ECM Records – ECM 2326 – 2013
Craig Taborn: pianoforte
Thomas Morgan: contrabbasso
Gerald Cleaver: batteria
Non si può dire che non investa sulla revisione della forma, sia pure con intelligente misura, Craig Taborn, presenza ormai imprescindibile del pianismo “open”, né si vorrà omettere come “stratificazione” e “intuizione” appaiano due dichiarati caratteri, tra quelli fondativi di questa esperienza, particolarmente sensibile al valore dell’improvvisazione e alle contraddizioni che esso può comportare: “Se intendi che tutti possano suonare liberamente, allora non sei davvero un compositore, se però indichi troppo strettamente l’approccio stilistico, non potrai allora sfruttare appieno il potenziale dei musicisti” secondo le premesse, discorsivamente esposte dal pianista.
Non si vuole, peraltro, passare sotto silenzio l’impressione che l’intera imbastitura di Chants, per le introverse ambizioni e le questioni estetiche sollevati senza clamore, travalichi i confini (ormai assai dilatati, peraltro) dei “denominatori comuni” non soltanto estetici sottesi alla produzione della label ECM, volgendo nella direzione di una musicalità sottilmente più trasversale, e infine nemmeno si può minimizzare che qui si abbia il debutto discografico del Craig Taborn Trio, il cui titolare si è investito per oltre otto anni nella scrittura per tracciare un proprio solco nel variamente già arato e fertilmente trattato campo del piano-trio, e qualche spunto d’interesse si riscontrerà nel ritrovarvi la sezione ritmica operante anche nel Thomasz Stanko New York Quartet, ad avvalorare la criticità e l’ampiezza di ruolo giocata dai passaggi su questa odierna scena.
Non passerà inavvertita l’atipica apertura su ben due grandi momenti in successione d’incontenibile quanto ineffabile dinamismo (Saints, Beat the Grounds), che trovano propulsione in una grande, fitta circolarità a-melodica, scandita dalla mano sinistra in libera asimmetria con i fluidificanti e rapidi indugi delle mano destra d’insolita fisionomia solistica, chiusi entrambi dall’imperfetta catarsi di un incompiuto “final-cut”; tale impulsivo dinamismo dilaga e si stempera sul bacino ad ampia superficie e sulla tempistica sospesa dell’elegante In Chant, che mai perviene a soluzioni drammatiche, incarnate invece dalle trasparenti tensioni di Hot Blood.
Non si negherà grande cantabilità e strutturazione importante alla centrale All true Night/Future perfect, ove meglio, e non solo per maggior estensione, s’apprezza l’investimento compositivo e la tessitura narrativa, transitando nella seconda metà dell’album segnata dai bagliori distanti di Cracking Hearts per stemperarsi ulteriormente negli incanti atemporali e senza approdo di Silver Ghosts e Silver Days of Love, e riguadagnare controllata drammaticità nell’inquieta Speak the Name, segnata dall’incalzare degli iterativi, ipnotici vortici della tastiera.

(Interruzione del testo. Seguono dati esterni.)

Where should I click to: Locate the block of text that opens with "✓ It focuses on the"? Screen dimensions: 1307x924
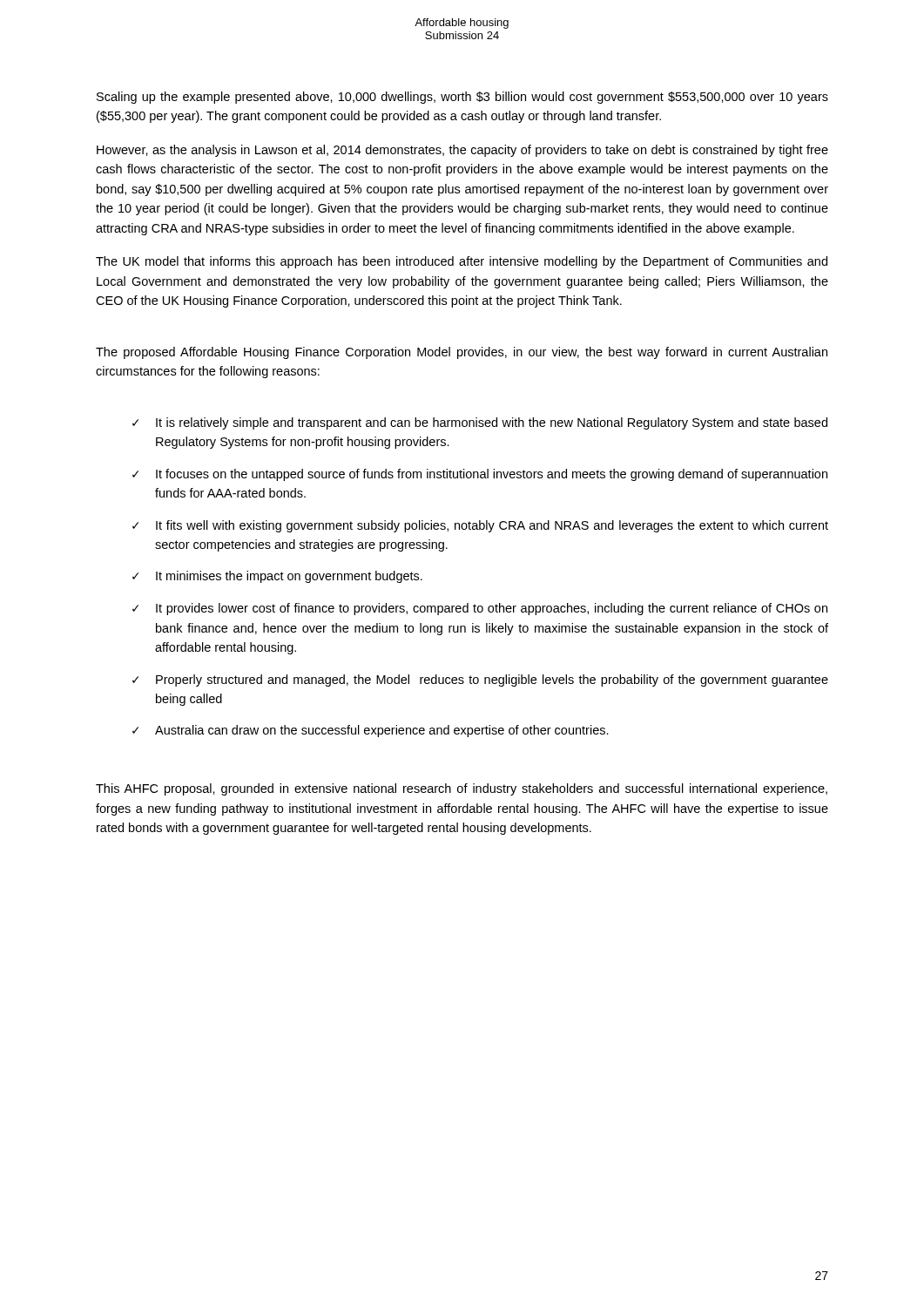(x=479, y=484)

Non sfuggono, le trame generali di Chants, a più d’un sospetto d’astrattezza, non eccedendo mai il soundscape in prodigalità melodiche: sorta di “buco nero” della sospensione armonica, il lavoro valorizza la fisionomia dell’autore quale architetto lirico alieno da stucchi e barocchismi, abile ad imbastire decantazioni sottili e liberare effervescenze trans-melodiche, la cui azione si svolge e dichiara sui due versanti della tastiera, calzando l’armatura ritmica alquanto conformata dall’impeccabile, versatile trama della batteria e dalle disposizioni misteriche e l’oratoria composta del contrabbasso.
Non disconoscibile da un’audience ampia, coltivata e progettualmente “trendy”, la generazione dei Moran, degli Shipp e del qui presente Taborn – ma la lista è in realtà più estesa e multietnica – trova anche in quest’occasione conferma del positivo investimento sulla ricerca e la riguardosa revisione dell’equilibrio tra le parti: la letteratura trans-gender, non solo in riferimento alle qui evidenti reinterpretazioni del piano-trio, incorpora in Chants un nuovo capitolo da riconsiderare alla medio-lunga distanza – come in tutta onestà e sostanza non si vorrà ignorare.